Remember, as I clarify yet again, the entire system is insulated from accidental grounding or current flow, and the function generator, the motive supply source of current for the system is open, not closed. I repeat, ONLY the positive FG supply lead is connected.

Paul Andrulis



Finding truth can be compared to panning for gold. It generally entails sifting a huge amount of material for each nugget found. Then checking each nugget found for valuable metal or fool's gold.

buzz-ard

I have to chime in here, because I have seen this often in my meager experiments. For me, this occurs most noticeably when the FG is tuned to the particular coil/scope setup. Hooking everything up correctly kills the effect. In my case, the scope was actually providing the power. The coil, being in resonance, did indeed boost what was being leeched from the scope, but resonance was all it was really contributing. Someone on the forum told me to isolate my scope input (through a transformer), then it became clear to me what was happening. This is also when I began to appreciate some of the effects feedback can have in the TPU.

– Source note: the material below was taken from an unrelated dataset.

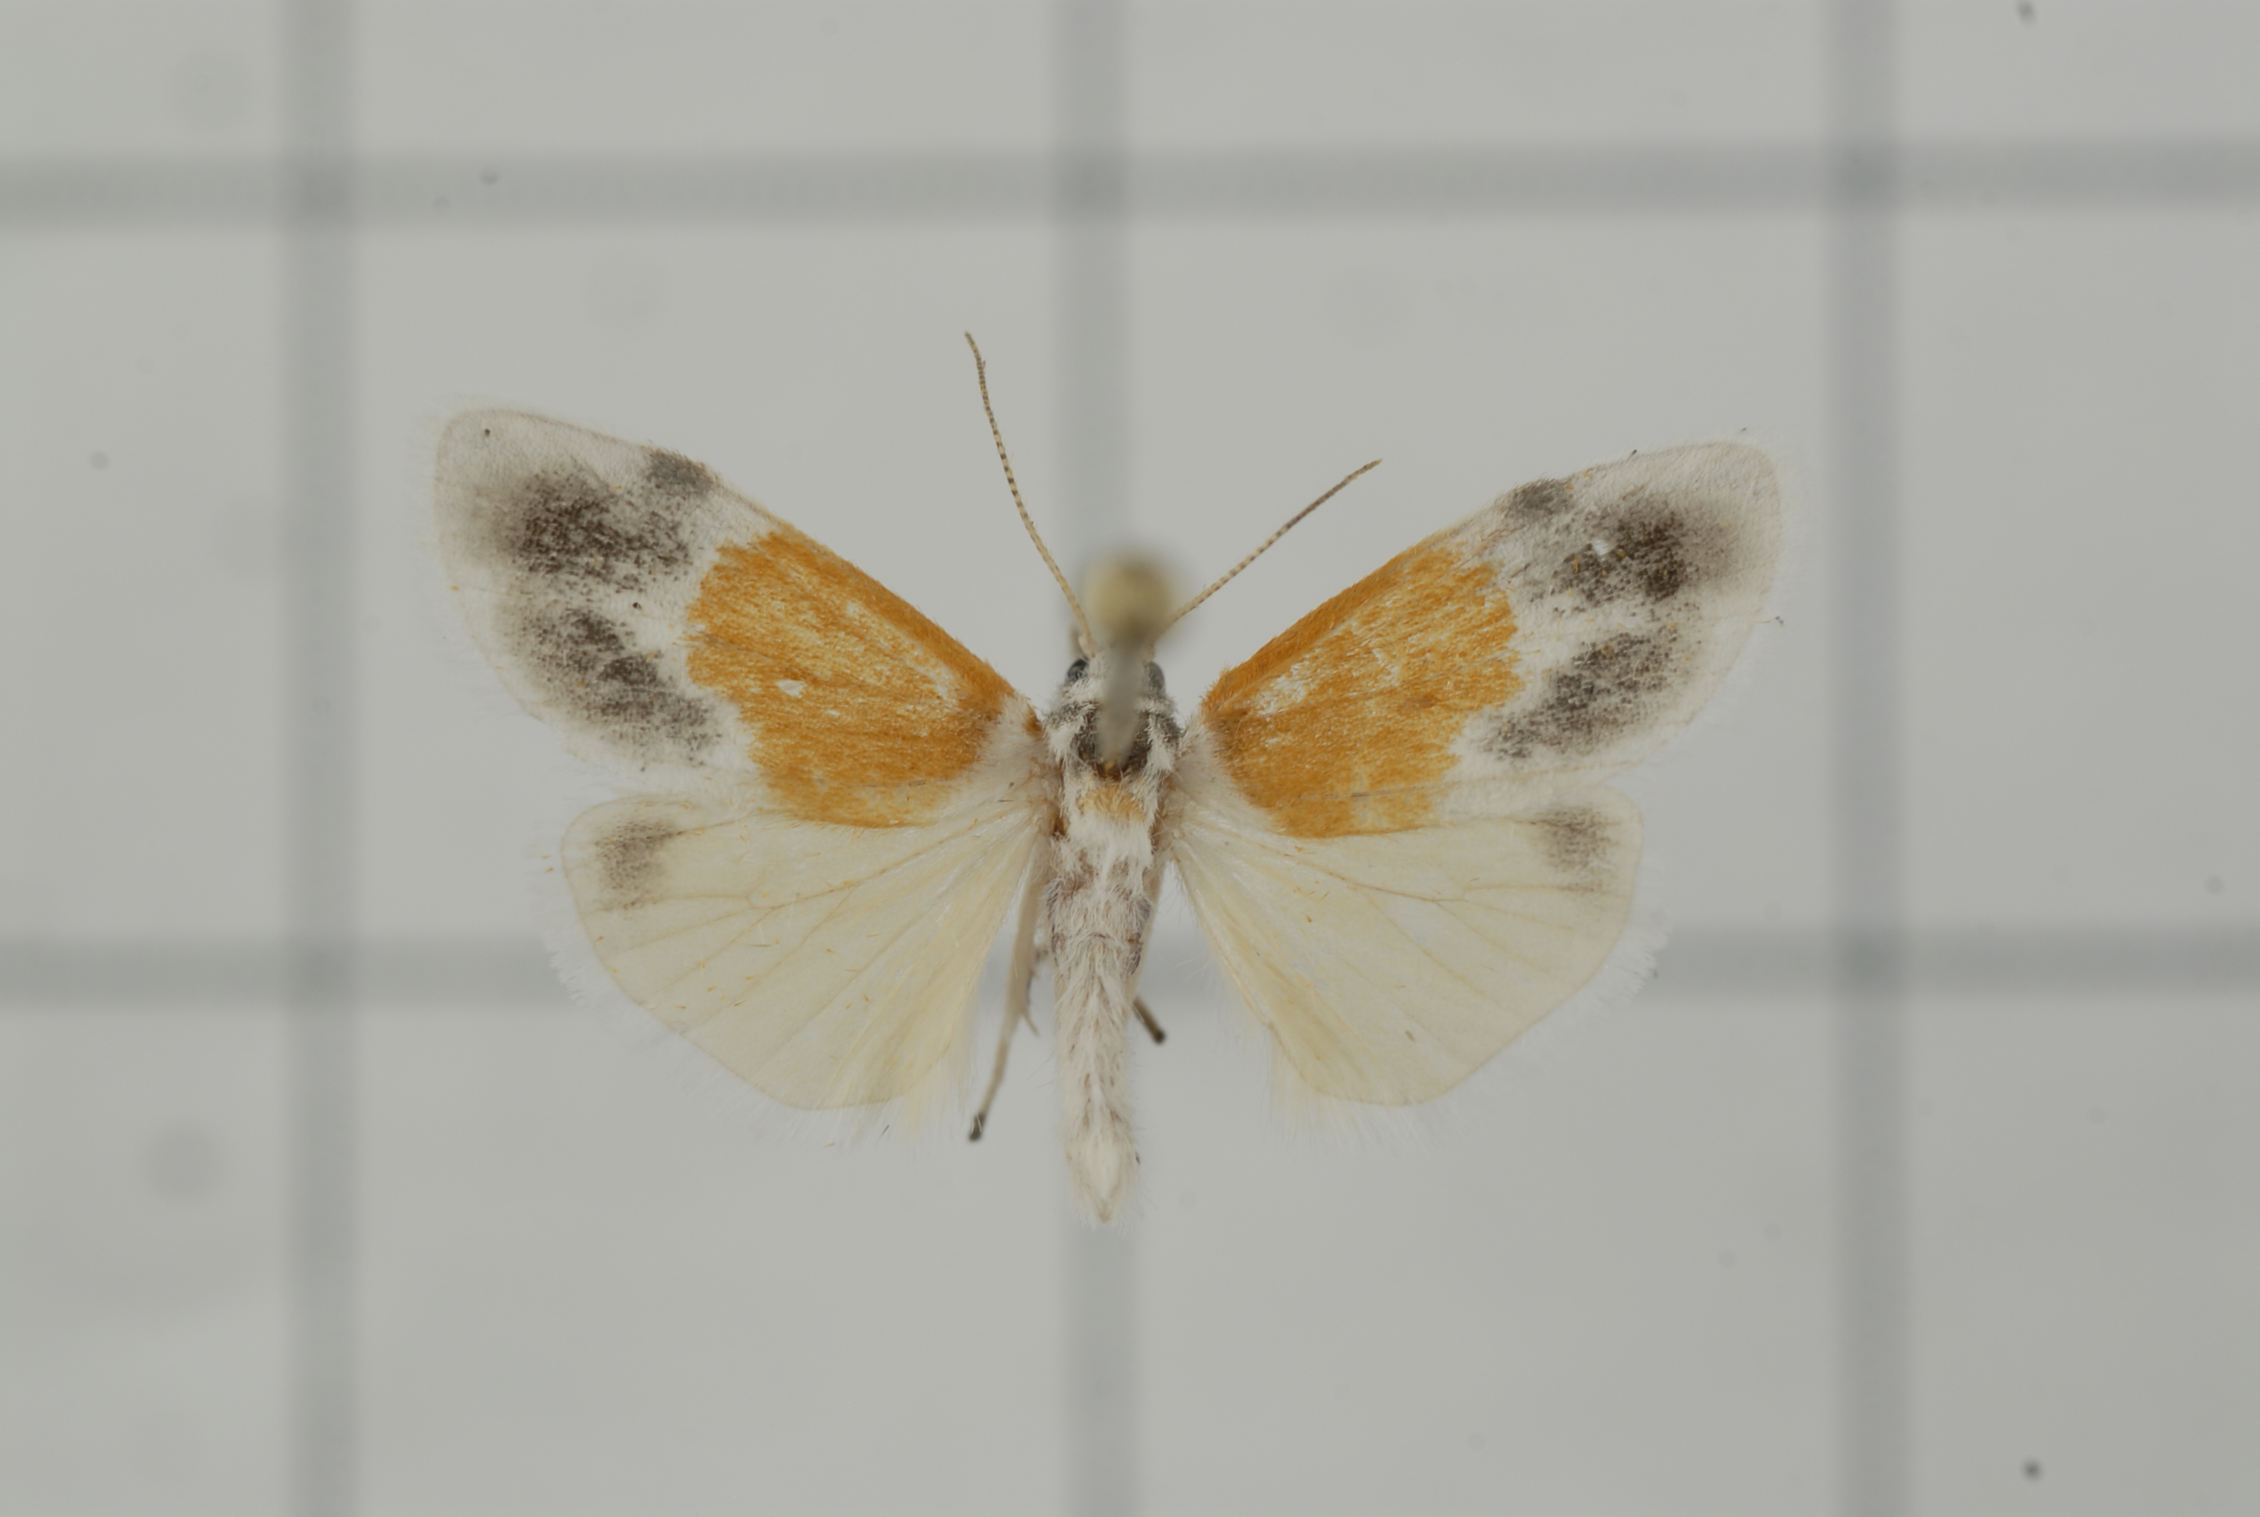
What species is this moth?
Nanarsine semilutea

Even though there's not a complete electrical return path, the coils to which the FG are attached are biased with each pulse. The bias creates potential, which in turn inductively creates potential on your collectors. But applying bias to a wire results in almost no current flow without a return path being available. No net work is being done - this is why hooking things up correctly kills any detectable output. The LEDs are being lit from the scope probe, which is picking up the ghostly imprint of potential that never became work.

Or at least this is how I explained it to myself. I'm definitely open to more enlightened thinking.
You wouldn't believe me if I told you.